Выбрать главу

Предисловие мы утвердили единогласно.

— То-то же, — сказал Александр Серафи́мович, точно подводя итог споров с невидимым противником.

Очень увлекала Александра Серафи́мовича работа в журнале «Октябрь», воспитание молодых писателей.

Он входил во все детали работы, написал даже какое-то сопроводительное письмо к проспекту журнала о необходимости широкого распространения журнала в рабочих библиотеках и крестьянских избах-читальнях, выступал на многочисленных читательских конференциях.

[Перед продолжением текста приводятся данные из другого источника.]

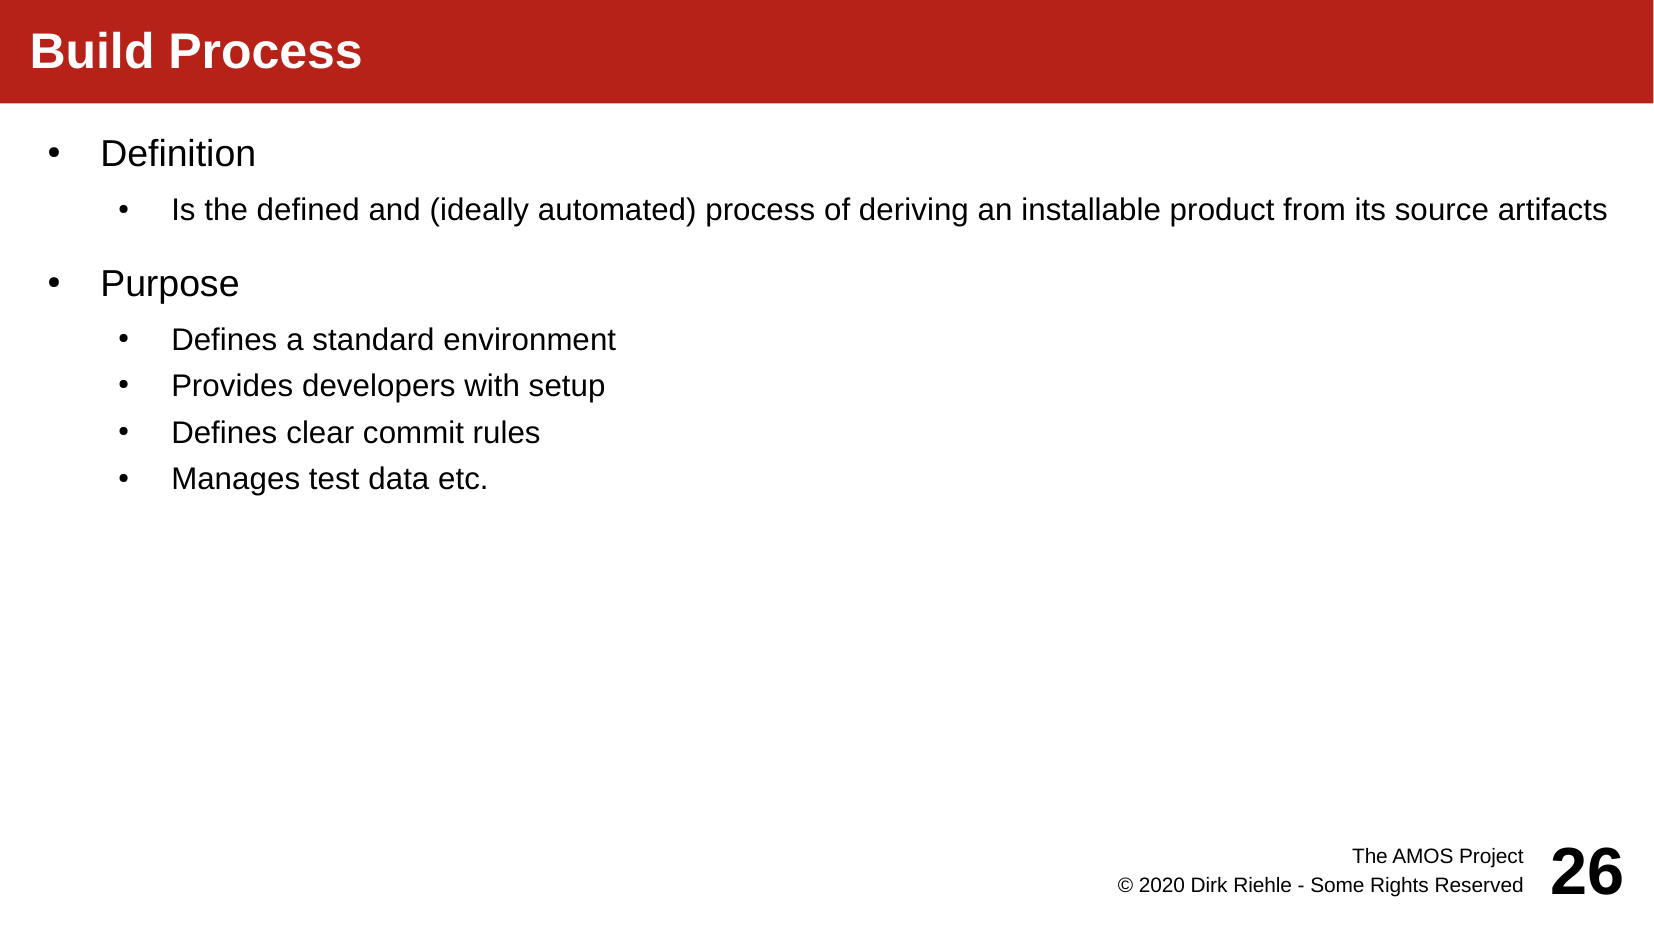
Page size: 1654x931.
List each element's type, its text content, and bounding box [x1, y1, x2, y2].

list Definition Is the defined and (ideally automated) process of deriving an installable product from its source artifacts Purpose Defines a standard environment Provides developers with setup Defines clear commit rules Manages test data etc. [29, 132, 1625, 798]
title Build Process [0, 0, 1654, 104]
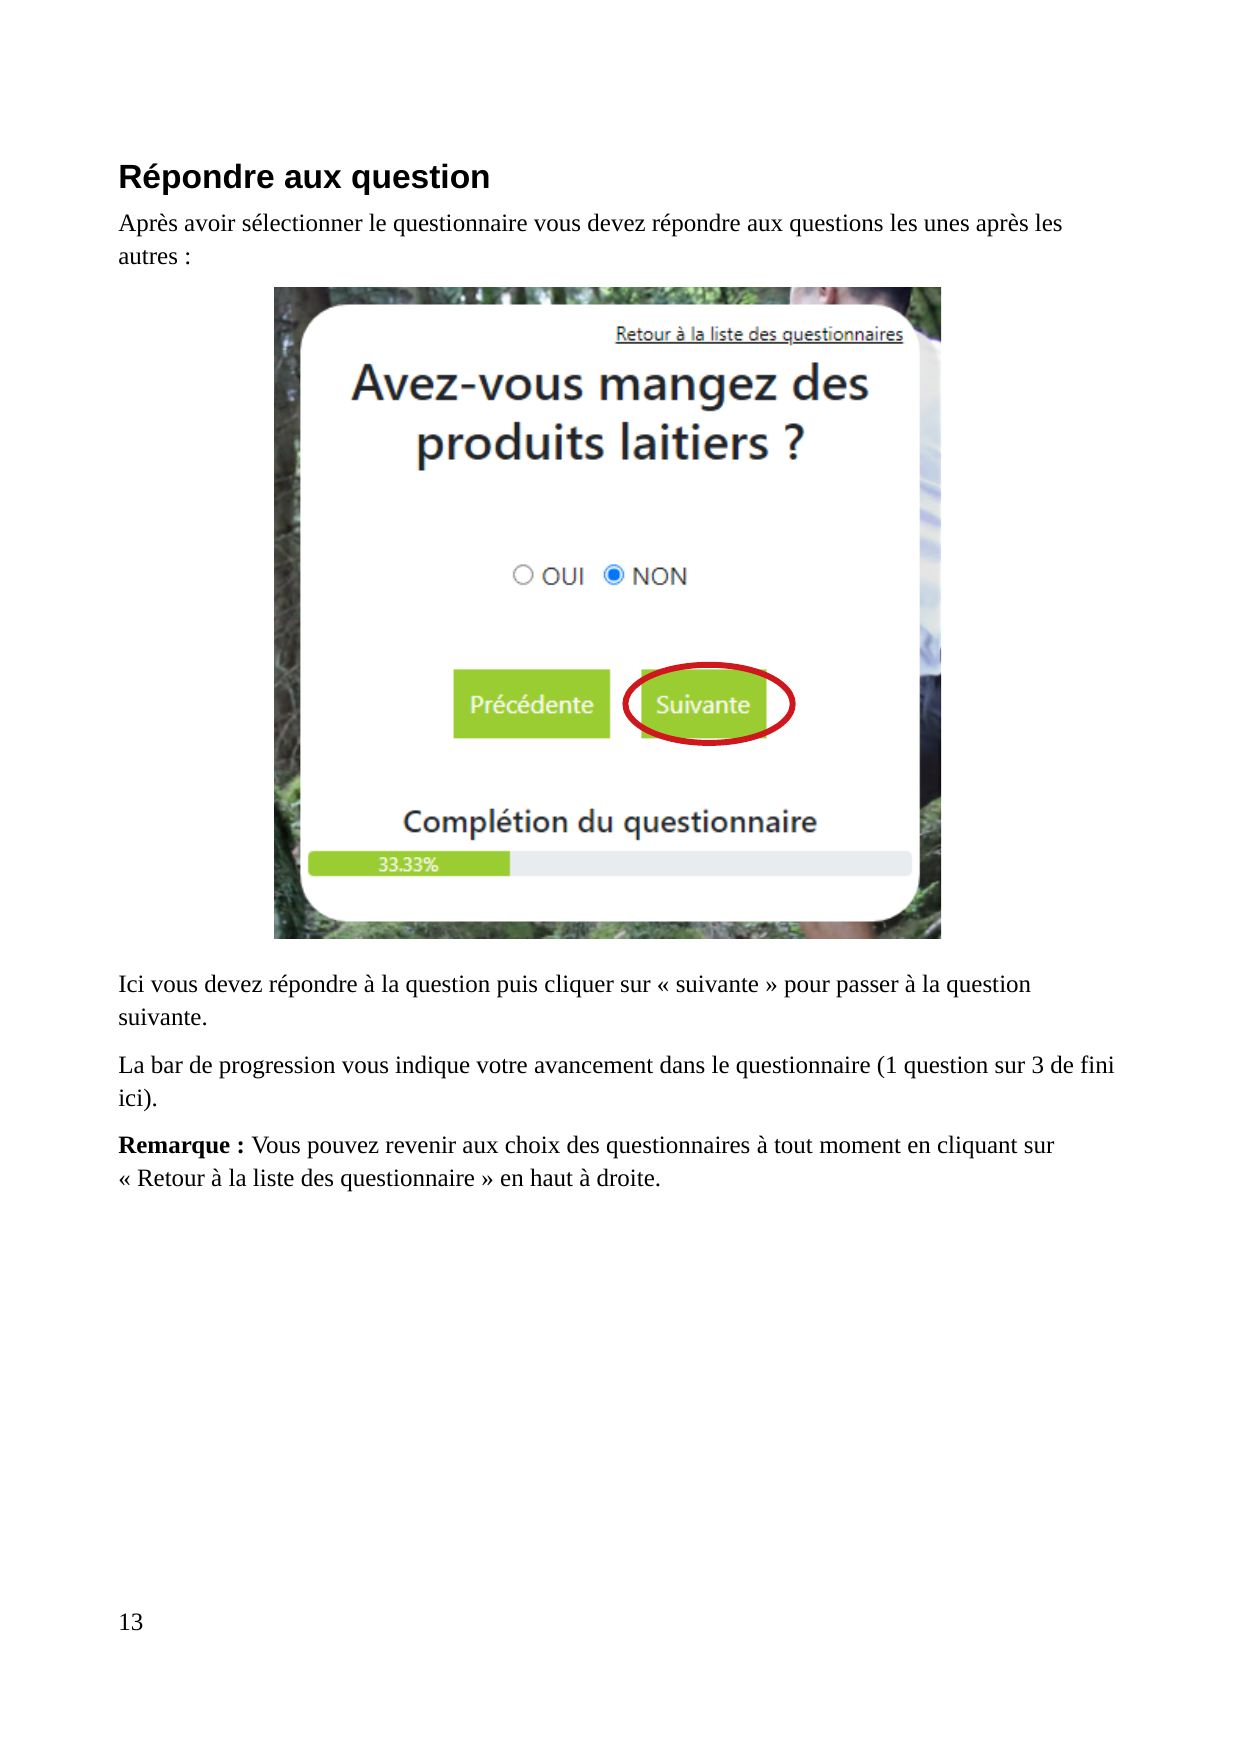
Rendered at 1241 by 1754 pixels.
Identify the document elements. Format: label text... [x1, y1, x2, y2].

subtitle Répondre aux question [118, 118, 1122, 195]
text Après avoir sélectionner le questionnaire vous devez répondre aux questions les unes après les autres : [118, 208, 1122, 270]
picture [274, 287, 942, 939]
text La bar de progression vous indique votre avancement dans le questionnaire (1 question sur 3 de fini ici). [118, 1050, 1122, 1112]
text Ici vous devez répondre à la question puis cliquer sur « suivante » pour passer à la question suivante. [118, 969, 1122, 1031]
text Remarque : Vous pouvez revenir aux choix des questionnaires à tout moment en cliquant sur « Retour à la liste des questionnaire » en haut à droite. [118, 1130, 1122, 1192]

Когда он выходил на сцену во главе молодых членов редколлегии, он был похож на заботливого отца, выводящего в свет своих сыновей, на старого воина, ведущего в бой своих молодых питомцев и соратников.

— Серафимович своих повел, — улыбались в публике.

Он любил разговаривать с читателями. Выезжал на конференции в Донбасс, в Тулу, делал доклад об итогах трехлетней работы журнала «Октябрь» в Доме союзов, проводил беседу с соседями, рабочими Трехгорки, опять выезжал в Горький, в Сормово, в Харьков, в Луганск.

К произведениям, печатающимся в журнале «Октябрь», Серафимович подходил очень критически, строго, делал десятки замечаний. Но если он уже принимал роман или повесть, то принципиально, по-боевому воевал со всеми нападками на них. Ни на какие компромиссы не шел. Он и вообще больше всего ненавидел двуличие, интриги, закулисную игру.

Он принял и напечатал в журнале роман Шолохова «Тихий Дон». Принял Шолохова в свое сердце и полюбил его навсегда. Напечатал в «Правде» статью о «Тихом Доне» с высокой оценкой романа.

И когда появились всякие клеветники (их тогда было немало), пытающиеся опорочить роман Шолохова, Александр Серафи́мович дал им жестокий отпор, опубликовал вместе с Фадеевым и Ставским в «Правде» резкое письмо против клеветнических наветов на «Тихий Дон». Всякое проявление интриганства глубоко огорчало, возмущало и как-то даже травмировало его.

— Вот ведь сколько осталось еще у нас гадости от старого мира, — говорил он нам возмущенно, потирая лысину. — И надо же эдакое придумать…

4

В конце 1929 года в редакцию «Октября» прислал свой первый рассказ «Аноха» брянский писатель Василий Павлович Ильенков. Рассказ понравился нам. Ильенков хорошо знал рабочий быт, был близко связан с Бежицким паровозостроительным заводом, интересно писал о процессах, происходящих в жизни рабочего класса, о рабочем быте, культурном росте.

Вскоре мне пришлось с поэтом Эдуардом Багрицким выехать на завод «Красный Профинтерн». Мы побывали у Ильенкова, хорошо, задушевно поговорили о литературе, провели на заводе большой литературный вечер.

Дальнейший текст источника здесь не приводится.